### WHAT IS NEEDED
Transcribe each record exactly, but omit pictures.

### PROVIDED DATA
# # # #
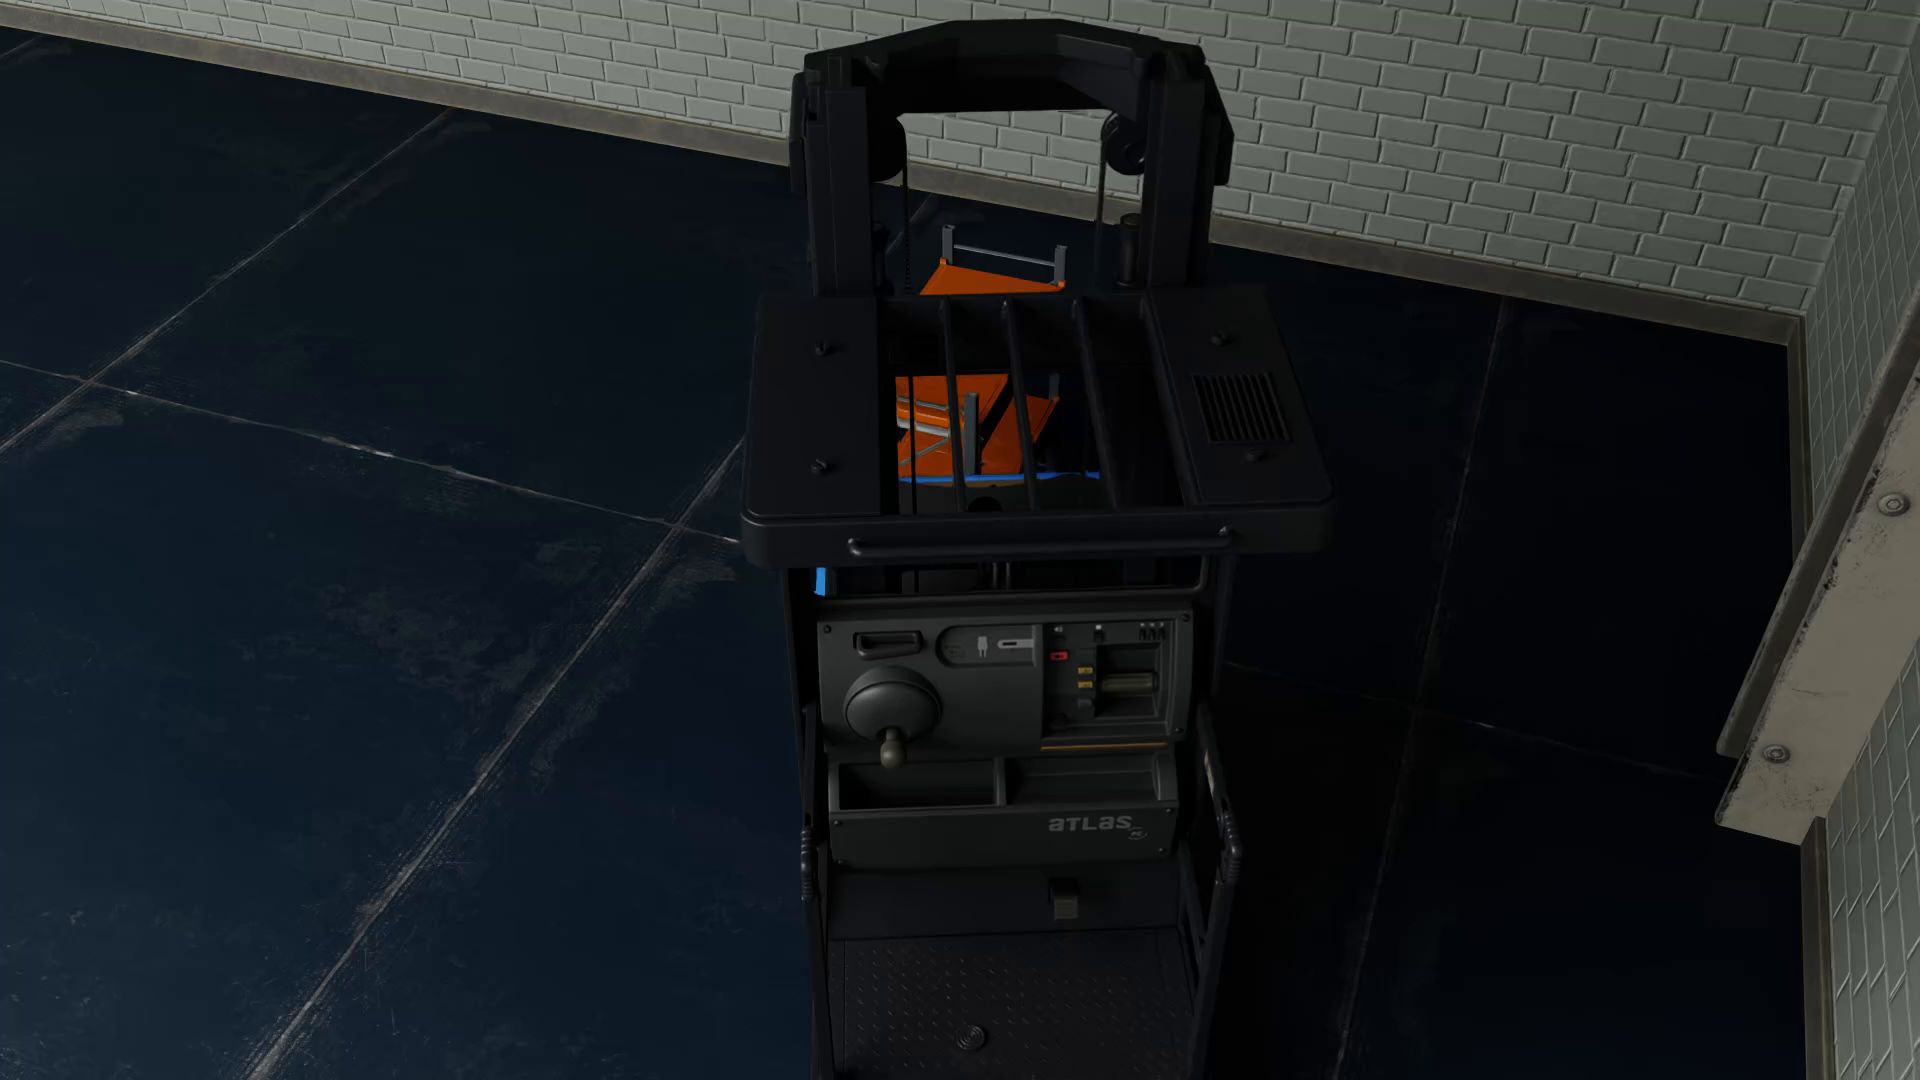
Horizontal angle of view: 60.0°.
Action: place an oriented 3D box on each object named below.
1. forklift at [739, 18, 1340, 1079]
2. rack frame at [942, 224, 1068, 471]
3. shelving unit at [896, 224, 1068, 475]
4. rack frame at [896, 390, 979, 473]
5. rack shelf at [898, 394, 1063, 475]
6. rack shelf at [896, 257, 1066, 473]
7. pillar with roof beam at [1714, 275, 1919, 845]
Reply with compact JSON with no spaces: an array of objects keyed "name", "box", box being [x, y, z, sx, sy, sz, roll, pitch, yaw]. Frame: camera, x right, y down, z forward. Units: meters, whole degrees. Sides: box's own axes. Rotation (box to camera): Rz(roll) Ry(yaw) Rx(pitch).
[{"name":"forklift","box":[0.128,0.439,3.978,1.130,2.935,3.031,-2,41,-2]},{"name":"rack frame","box":[0.172,-0.734,6.743,0.500,1.125,0.032,13,42,15]},{"name":"shelving unit","box":[-0.002,-0.424,6.380,0.538,1.125,1.048,13,42,15]},{"name":"rack frame","box":[-0.176,-0.114,6.017,0.500,1.125,0.032,13,42,15]},{"name":"rack shelf","box":[-0.002,-0.238,6.539,0.538,0.278,1.000,13,42,15]},{"name":"rack shelf","box":[-0.002,-0.646,6.190,0.538,0.278,1.000,13,42,15]},{"name":"pillar with roof beam","box":[-1.280,-3.506,3.926,9.100,9.000,0.400,13,42,15]}]
# # # #
### WRITTEN REPLY
Horizontal angle of view: 60.0°.
Action: place an oriented 3D box on each object named below.
1. forklift at [739, 18, 1340, 1079]
2. rack frame at [942, 224, 1068, 471]
3. shelving unit at [896, 224, 1068, 475]
4. rack frame at [896, 390, 979, 473]
5. rack shelf at [898, 394, 1063, 475]
6. rack shelf at [896, 257, 1066, 473]
7. pillar with roof beam at [1714, 275, 1919, 845]
Reply with compact JSON with no spaces: an array of objects keyed "name", "box", box being [x, y, z, sx, sy, sz, roll, pitch, yaw]. Frame: camera, x right, y down, z forward. Units: meters, whole degrees. Sides: box's own axes. Rotation (box to camera): Rz(roll) Ry(yaw) Rx(pitch).
[{"name":"forklift","box":[0.128,0.439,3.978,1.130,2.935,3.031,-2,41,-2]},{"name":"rack frame","box":[0.172,-0.734,6.743,0.500,1.125,0.032,13,42,15]},{"name":"shelving unit","box":[-0.002,-0.424,6.380,0.538,1.125,1.048,13,42,15]},{"name":"rack frame","box":[-0.176,-0.114,6.017,0.500,1.125,0.032,13,42,15]},{"name":"rack shelf","box":[-0.002,-0.238,6.539,0.538,0.278,1.000,13,42,15]},{"name":"rack shelf","box":[-0.002,-0.646,6.190,0.538,0.278,1.000,13,42,15]},{"name":"pillar with roof beam","box":[-1.280,-3.506,3.926,9.100,9.000,0.400,13,42,15]}]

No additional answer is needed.